Even at the greatly reduced dosage, the chemotherapy worked effectively, Dr. Merin says.

It took nearly a year from her deciding to accept a transplant to her anonymous donor giving cells in July 2020.


"We spent an entire year improving my remission. I learned by asking questions about how they were making transplants safer and more accessible. They're not cookie cutter. I respect my doctors, but I don't have trouble asking them questions, and I never met a Cedars-Sinai doctor or nurse who didn't answer my questions as fully as possible."


Life after transplant

In July 2018, Cathy was diagnosed. In July 2020, she received her transplant, an infusion of cells from an anonymous 30-something donor. In July 2021, she celebrated the anniversary of her transplant with no detectable cancer cells in her body.

"I'm not only alive, but I'm thriving," she says.

She has learned lots of lessons from her time as a transplant patient.

"We spent an entire year improving my remission," she says. "I learned by asking questions about how they were making transplants safer and more accessible. They're not cookie cutter. I respect my doctors, but I don't have trouble asking them questions, and I never met a Cedars-Sinai doctor or nurse who didn't answer my questions as fully as possible."

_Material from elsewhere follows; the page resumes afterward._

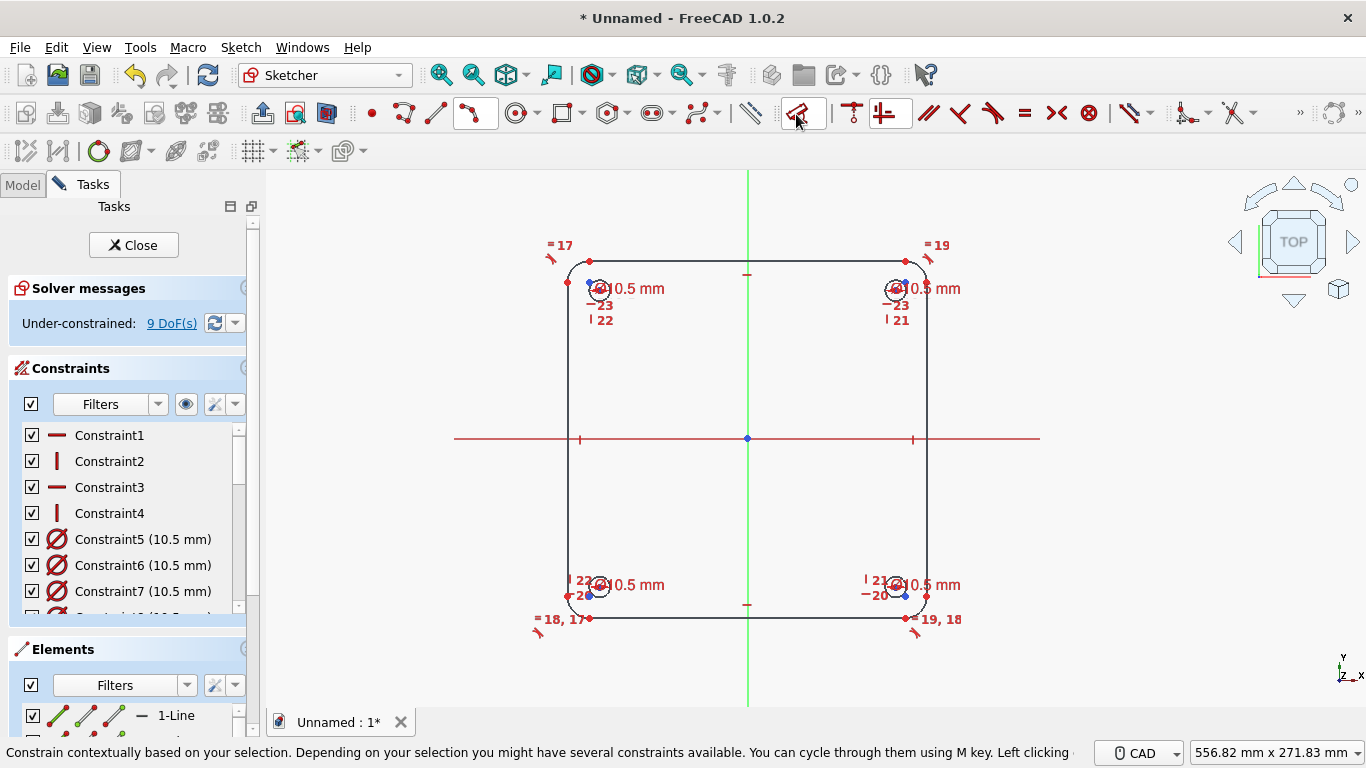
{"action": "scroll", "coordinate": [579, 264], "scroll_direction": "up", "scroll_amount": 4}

She reflects often on her anonymous donor, the support of her brother and her friends—who rallied around her from near and far—the important role her faith played in her healing and her Cedars-Sinai care team.

As an author and journalist, Cathy is used to constructing narratives out of the details of a life. When she looks at the details of her own journey, two themes resound throughout it: faith and gratitude.

"The miracles just kept coming," she says. "I know how blessed I am that I got this donor, this perfect match. I prayed for strength, for my doctors and that it would all work out. I'm so grateful for all the friends who helped me, for my donor, for my brother and for my care team."